• [The task]
Which lines in the data below contain the word "cuboid"? Pull each of them out.

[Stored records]
• • •

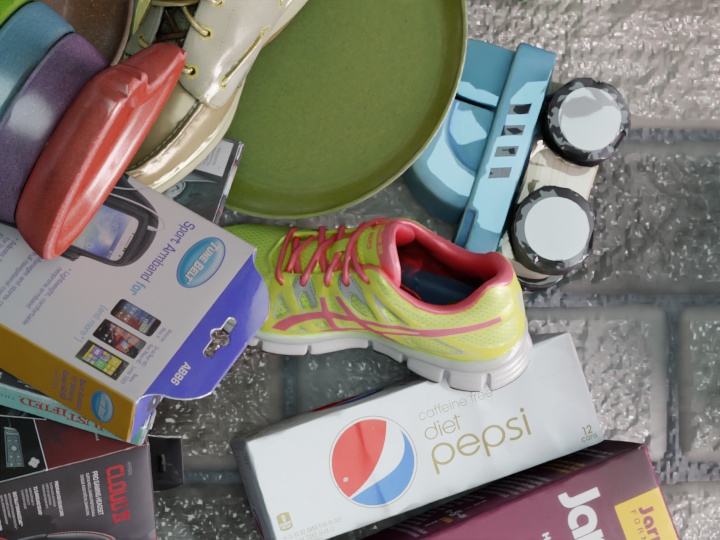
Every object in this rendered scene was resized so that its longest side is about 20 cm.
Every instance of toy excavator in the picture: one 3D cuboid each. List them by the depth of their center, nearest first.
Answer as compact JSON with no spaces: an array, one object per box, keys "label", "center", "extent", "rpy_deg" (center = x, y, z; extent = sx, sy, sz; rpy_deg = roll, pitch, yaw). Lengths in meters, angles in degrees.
[{"label":"toy excavator","center":[0.051,-0.102,1.221],"extent":[0.199,0.100,0.195],"rpy_deg":[17,83,-2]}]

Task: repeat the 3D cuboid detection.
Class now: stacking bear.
[{"label":"stacking bear","center":[-0.203,-0.103,1.019],"extent":[0.199,0.121,0.114],"rpy_deg":[32,107,1]}]

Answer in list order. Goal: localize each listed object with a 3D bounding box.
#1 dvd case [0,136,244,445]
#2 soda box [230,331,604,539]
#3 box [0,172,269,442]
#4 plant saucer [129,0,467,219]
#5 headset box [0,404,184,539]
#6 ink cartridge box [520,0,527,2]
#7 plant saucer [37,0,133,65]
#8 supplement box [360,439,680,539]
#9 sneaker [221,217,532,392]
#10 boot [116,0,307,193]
[{"label":"dvd case","center":[-0.153,-0.012,1.111],"extent":[0.145,0.022,0.201],"rpy_deg":[16,51,-1]},{"label":"soda box","center":[0.031,0.096,1.217],"extent":[0.199,0.064,0.068],"rpy_deg":[-18,91,-13]},{"label":"box","center":[-0.147,0.000,1.066],"extent":[0.199,0.042,0.119],"rpy_deg":[31,52,8]},{"label":"plant saucer","center":[-0.033,-0.126,1.194],"extent":[0.199,0.031,0.201],"rpy_deg":[-2,84,17]},{"label":"headset box","center":[-0.190,0.119,1.121],"extent":[0.199,0.149,0.075],"rpy_deg":[-13,55,-13]},{"label":"ink cartridge box","center":[0.150,-0.233,1.186],"extent":[0.145,0.200,0.088],"rpy_deg":[-35,95,-11]},{"label":"plant saucer","center":[-0.200,-0.182,1.147],"extent":[0.037,0.200,0.202],"rpy_deg":[-15,91,32]},{"label":"supplement box","center":[0.080,0.183,1.211],"extent":[0.199,0.086,0.111],"rpy_deg":[-22,92,-12]},{"label":"sneaker","center":[0.000,0.000,1.178],"extent":[0.199,0.091,0.078],"rpy_deg":[10,53,7]},{"label":"boot","center":[-0.089,-0.143,1.091],"extent":[0.072,0.155,0.200],"rpy_deg":[31,74,16]}]
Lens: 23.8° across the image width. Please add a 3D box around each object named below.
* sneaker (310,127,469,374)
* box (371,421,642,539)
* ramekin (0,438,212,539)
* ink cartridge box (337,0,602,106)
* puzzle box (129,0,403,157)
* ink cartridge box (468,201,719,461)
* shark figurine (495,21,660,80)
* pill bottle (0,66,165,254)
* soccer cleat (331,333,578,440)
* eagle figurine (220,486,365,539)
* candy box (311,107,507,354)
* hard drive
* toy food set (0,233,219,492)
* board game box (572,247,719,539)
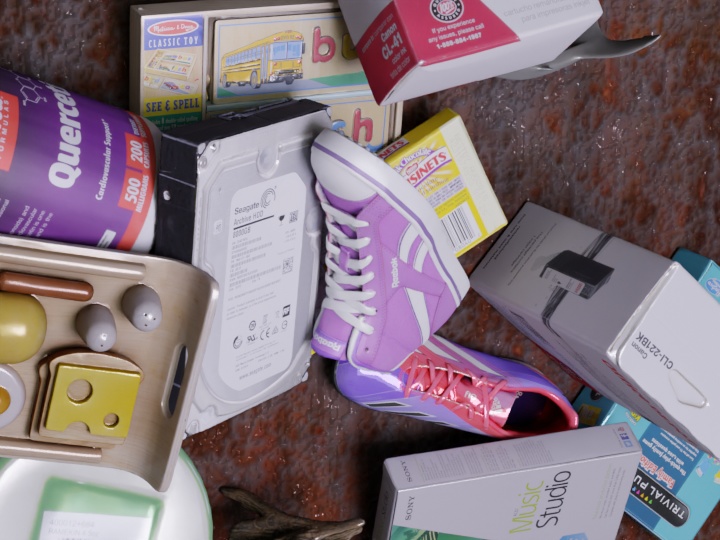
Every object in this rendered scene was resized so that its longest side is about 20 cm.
[{"bbox_3d":[0.001,0.000,1.141,0.114,0.072,0.201,-48,137,-12],"label":"sneaker"},{"bbox_3d":[0.106,0.189,1.299,0.198,0.037,0.145,-6,133,-16],"label":"box"},{"bbox_3d":[-0.195,0.175,1.139,0.198,0.097,0.202,-4,98,-29],"label":"ramekin"},{"bbox_3d":[0.051,-0.227,1.124,0.146,0.086,0.202,-18,83,-22],"label":"ink cartridge box"},{"bbox_3d":[-0.061,-0.121,1.167,0.198,0.025,0.134,-9,117,-24],"label":"puzzle box"},{"bbox_3d":[0.192,0.041,1.249,0.144,0.200,0.084,40,85,-29],"label":"ink cartridge box"},{"bbox_3d":[0.101,-0.168,1.214,0.213,0.089,0.129,24,94,-27],"label":"shark figurine"},{"bbox_3d":[-0.221,-0.066,1.050,0.199,0.112,0.113,17,96,-40],"label":"pill bottle"},{"bbox_3d":[0.073,0.089,1.276,0.198,0.073,0.069,15,97,-29],"label":"soccer cleat"},{"bbox_3d":[-0.027,0.265,1.227,0.149,0.152,0.202,-10,110,-10],"label":"eagle figurine"},{"bbox_3d":[0.003,-0.021,1.221,0.199,0.026,0.103,-33,122,-7],"label":"candy box"},{"bbox_3d":[-0.078,-0.003,1.117,0.139,0.038,0.202,-21,123,-51],"label":"hard drive"},{"bbox_3d":[-0.194,0.059,1.016,0.198,0.060,0.145,9,108,-22],"label":"toy food set"},{"bbox_3d":[0.260,0.107,1.389,0.151,0.047,0.201,37,86,-29],"label":"board game box"}]
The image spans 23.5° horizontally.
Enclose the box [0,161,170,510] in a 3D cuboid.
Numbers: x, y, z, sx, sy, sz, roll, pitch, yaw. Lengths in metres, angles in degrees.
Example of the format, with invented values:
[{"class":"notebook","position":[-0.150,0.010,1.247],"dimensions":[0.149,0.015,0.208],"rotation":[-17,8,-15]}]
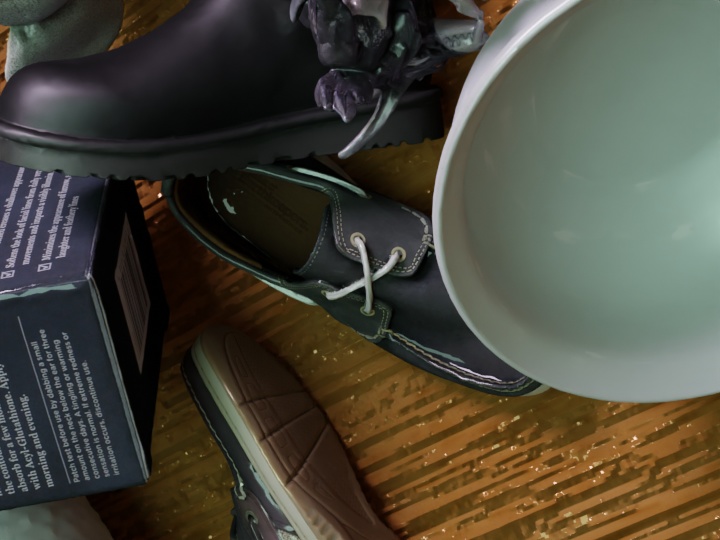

• • •

• [Expected answer]
Every instance of toy excavator in the picture: one 3D cuboid each. List them by the depth of their center, nearest first.
Task: repeat the 3D cuboid detection.
Enclose the box [0,161,170,510] in a 3D cuboid.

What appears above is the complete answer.